By the word of YHWH were the heavens made / and all the host of them by the breath of his mouth (Psalm 33:6).
How we believe language communicates has changed over the years. These days we tend to use language to describe things as they are, taking a “just the facts, ma’am” approach to how we communicate. This holds true even in fiction: the story may not be true but is nonetheless written in descriptive fashion.
Descriptive uses of language are found frequently in the Bible, telling the story of Israel, Jesus, and the church. Yet Israelites recognized that language can do more than just describe: language also functions creatively and evocatively. They knew this because they put their trust in YHWH as their God, and from the beginning YHWH spoke the heavens and earth into being (Genesis 1:1-2:3, Psalm 33:1-8).
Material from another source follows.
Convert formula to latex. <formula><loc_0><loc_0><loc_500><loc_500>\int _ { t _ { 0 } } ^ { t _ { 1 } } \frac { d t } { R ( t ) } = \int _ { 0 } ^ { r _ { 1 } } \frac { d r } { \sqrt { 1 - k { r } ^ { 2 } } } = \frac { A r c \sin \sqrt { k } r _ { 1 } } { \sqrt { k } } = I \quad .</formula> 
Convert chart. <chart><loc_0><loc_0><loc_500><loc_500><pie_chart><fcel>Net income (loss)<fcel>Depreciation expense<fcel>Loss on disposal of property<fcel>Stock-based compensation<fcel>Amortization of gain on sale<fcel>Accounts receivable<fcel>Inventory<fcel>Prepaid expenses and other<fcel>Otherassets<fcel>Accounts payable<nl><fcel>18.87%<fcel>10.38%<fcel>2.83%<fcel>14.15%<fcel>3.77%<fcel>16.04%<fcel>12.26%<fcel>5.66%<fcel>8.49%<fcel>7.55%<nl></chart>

In all the cultures around them people came up with imaginative stories which attempted to describe why things are the way they are; all of them attempted to describe what the Israelites knew could not truly be described but only brought into being through God speaking it into existence.
After the creation God’s Word did not stop bringing things to life. Israel might have thought that God was sustaining them with manna from heaven, yet where did that manna come from and how did God bring it forth? Moses said that it was designed to teach Israel that man does not live by bread alone but by every word that proceeds from YHWH’s mouth (Deuteronomy 8:3). The Word of God was life for Israel if they would only love God and live according to that Word; if they turned aside from that Word they would be choosing death (Deuteronomy 30:15-20). In Psalm 19:1-6 David praises God for His benevolent care for mankind as reflected in the structure of the heavens; he immediately turns to praise God for His Law, testimony, precepts, and commandments for their benevolent care, as much a part of the structure of the creation as the sun, moon, and stars (Psalm 19:7-11). Israel had every reason to maintain steadfast confidence when God made promises, for once He spoke them He would assuredly give it life, to make it so (Isaiah 46:9-10, 55:10).
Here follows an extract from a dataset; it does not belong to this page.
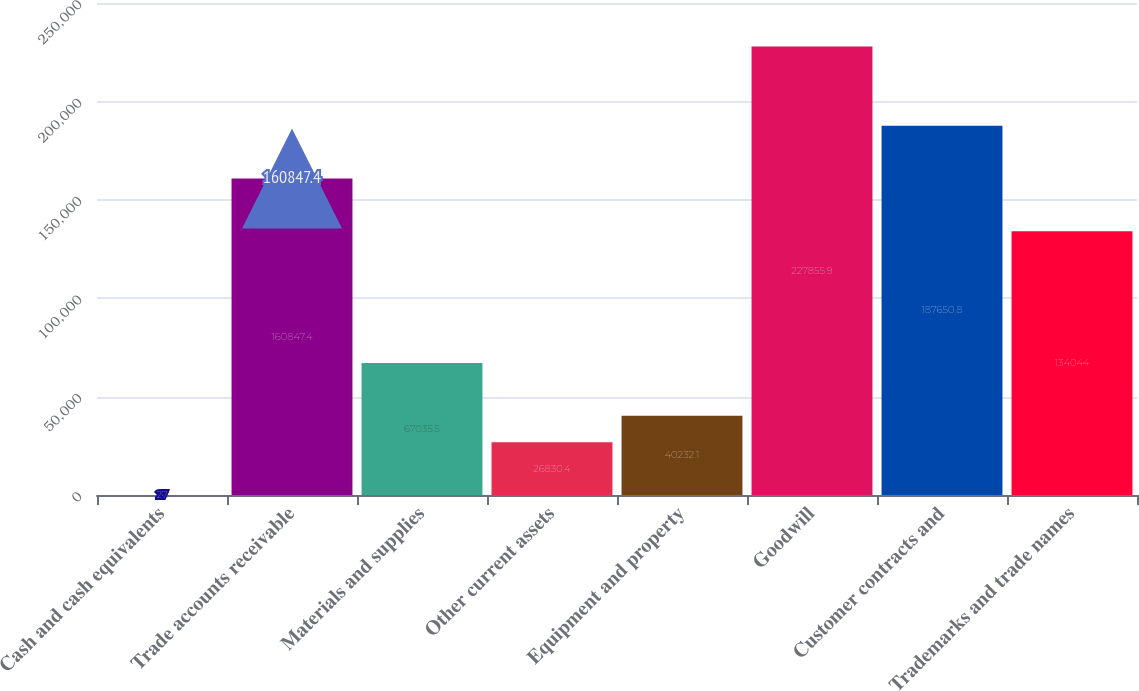<chart> <loc_0><loc_0><loc_500><loc_500><bar_chart><fcel>Cash and cash equivalents<fcel>Trade accounts receivable<fcel>Materials and supplies<fcel>Other current assets<fcel>Equipment and property<fcel>Goodwill<fcel>Customer contracts and<fcel>Trademarks and trade names<nl><fcel>27<fcel>160847<fcel>67035.5<fcel>26830.4<fcel>40232.1<fcel>227856<fcel>187651<fcel>134044<nl></chart>

God had promised the Immanuel child, “God with us,” and He was born, not just as a man, but as the Word made flesh (Matthew 1:22-25, John 1:1-14). John expects us to understand Jesus to be God’s Word, as that which brought into existence the heavens and the earth and which continues to sustain and uphold (John 1:1-3, Colossians 1:15-17, Hebrews 1:1-3). Jesus blessed bread and it multiplied; He then spoke of Himself as the Bread of life since He as the Word gives life to all things (John 6:1-69). Living water could flow from Him in the Spirit to others since He is the embodiment of the Source of life (John 7:37-39). Through His life, death, and resurrection Jesus can promise abundant life because God spoke the Word into existence and the Word continues to give life (John 10:10).
Through the Word made flesh, Jesus of Nazareth, we can overcome sin and death and obtain eternal life (Romans 8:1-5, 1 Corinthians 15:50-58). The revealed Word in Scripture is no less alive and active according to Hebrews 4:12; it has life through the Spirit which inspired it and the power of God which works through it, convicting the hearts of men regarding the Gospel unto repentance toward God, obedience to the Lord, and sanctification in the Spirit (Romans 1:16, 10:17, 1 Corinthians 1:18, Ephesians 1:13, Colossians 3:16, 2 Thessalonians 2:13, 3:14).
While God communicated to mankind in ways he could understand, His Word is a message ultimately unlike any other message. The Word of God does not merely describe the way things are; God has created through His Word and continues to provide life through that Word. We encounter that Word in the pages of Scripture and embodied in the Lord Jesus: God’s message is never just ink on a page, or pixels on a screen, for paper fades, ink runs, screens lose power and die, yet the Word of God remains living and active, bringing into being according to the purpose God has established for it. The Word of God is living, active, and powerful, yet operates on the heart and soul of mankind, not to be left as words in a nice leather book set in the corner or glanced at during the assembly (Hebrews 4:12). Do we want life and to have it abundantly? Then we must find life in God’s Word, Incarnate and Revealed, and live for Him!